Shanahan brought up the franchise tag, meaning the 49ers must be heavily considering moth-balling Garoppolo this year to learn the offense and then using the $25 million franchise tag on him after the season. The tag is essentially a one-year deal.

“I know you have to franchise a quarterback in order to keep him,” Shanahan said on Tolbert and Lund Wednesday. “But quarterbacks are expensive and that is not that big a deal to us.”

The 49ers will have ample room under the salary cap to use the tag; the team might be as much as $100 million under the cap.

“That is the good thing about the franchise tag, and that’s what made it easy for us to trade for him,” Shanahan said. “Do I have to make a decision that’s fast for the long-term future of this thing? No you don’t.”

Shanahan also said there’s more to this season than just playing Garoppolo, he also wants the team to get used to winning.

“You have to try and develop a culture that isn’t just X’s and O’s and talent,” he said. “In this league, there’s a very fine line between winning and losing and a very fine line between the most talented team and the least talented team.”

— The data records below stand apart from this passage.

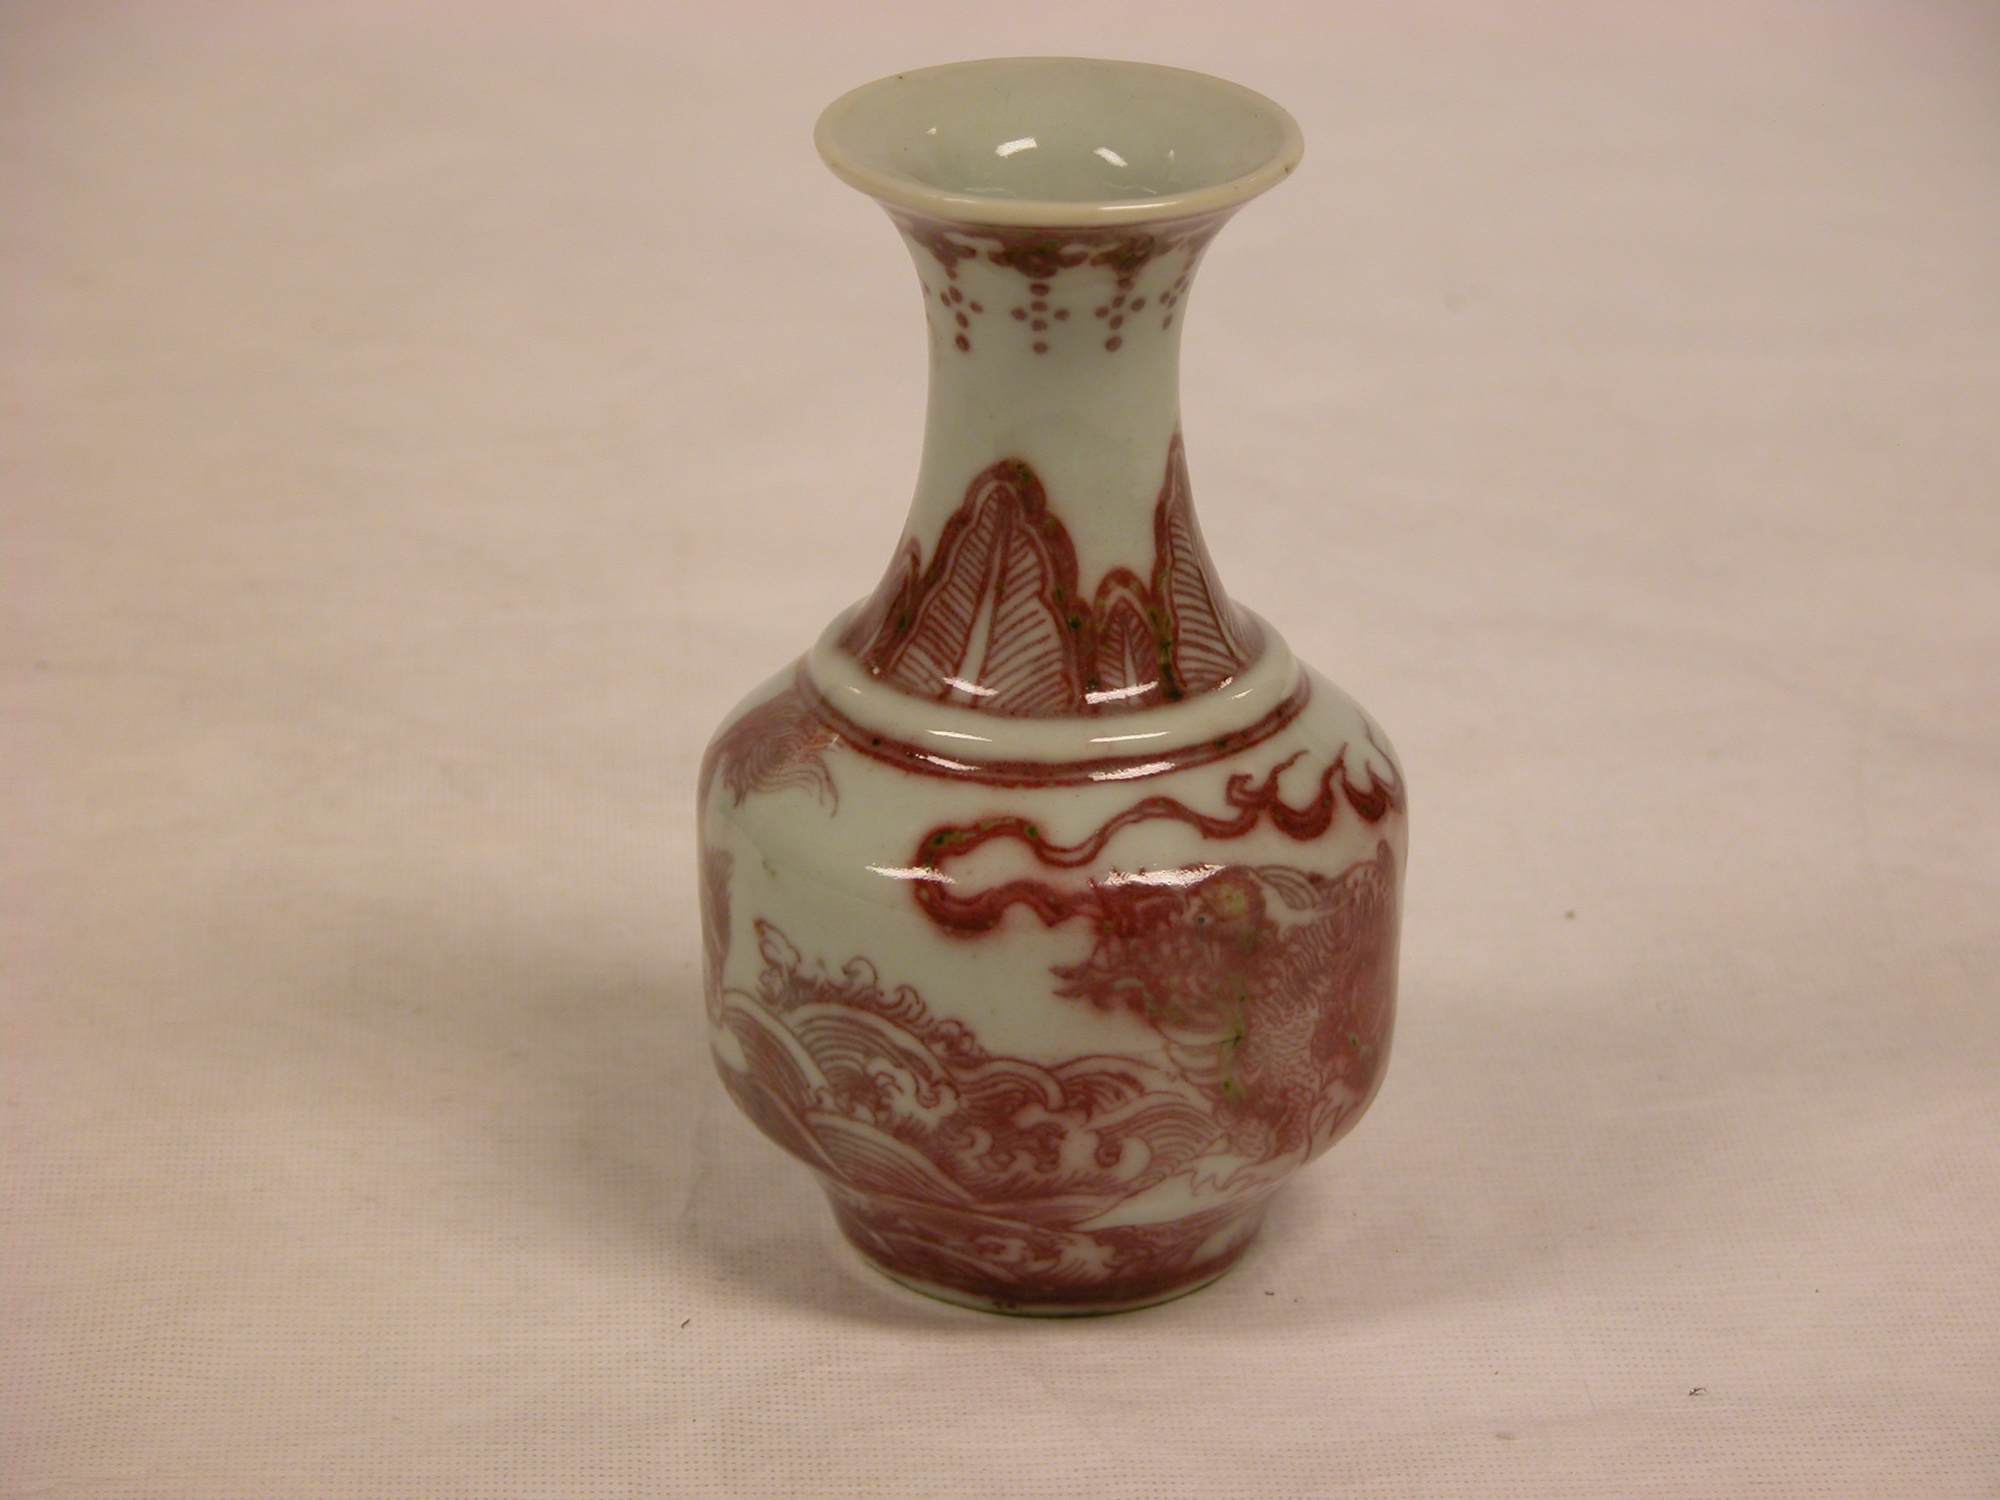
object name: vase
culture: chinese
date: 1426-1435
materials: porcelain
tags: mythical creatures,waves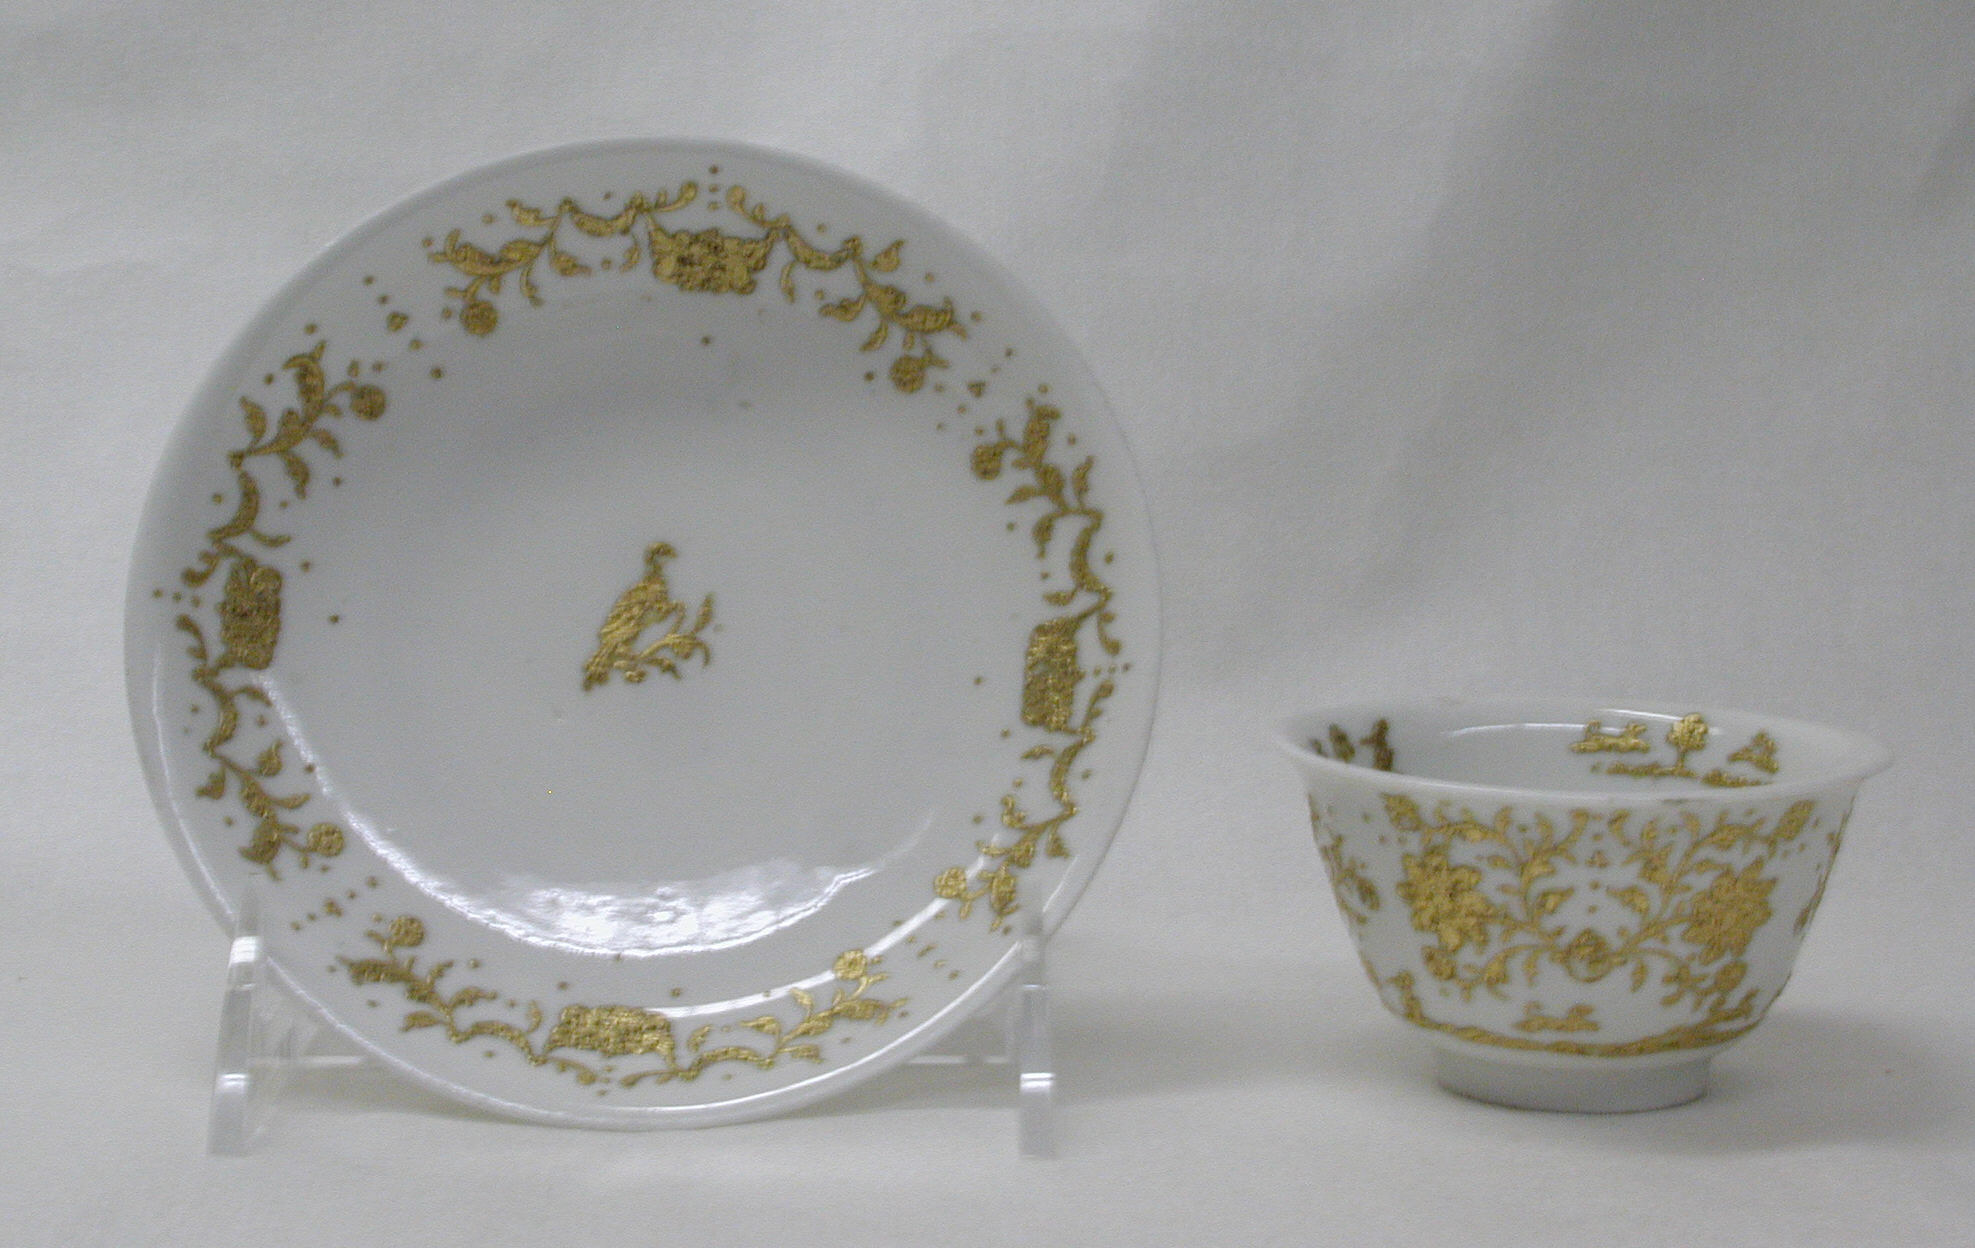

Shanahan said the difference is often whether a culture of winning has been created. Shanahan seems reluctant to set the offense back in order to play Garoppolo just when the offense is beginning to expand under C.J. Beathard.

Shanahan said the adversity from losing nine straight might set a foundation for winning in the future, maybe as soon as the last six games of this season.

“(Winning) doesn’t come from just talking about it,” he said. “It comes from grinding and working and overcoming adversity and developing real experience. … The first nine games were as miserable as I can imagine. But I truly believe it’s part of the process and it can make you better in the long run. That’s what we are trying to do.”

And attempting to win now, doesn’t involve inserting Garoppolo when he’s not versed enough in the offense. At this stage, the 49ers would have a numbered system for him. Shanahan would call out the number and Garoppolo would have a wrist band that would correspond the number with the play that he’d call in the huddle.

Setting the offense back that far doesn’t appeal to Shanahan.

“C.J. played well (against the Giants),” Shanahan said. “I don’t think it’s the right thing to do to C.J., to Jimmy, or the team. … I think it would send the wrong message to the team to sit here and experiment.”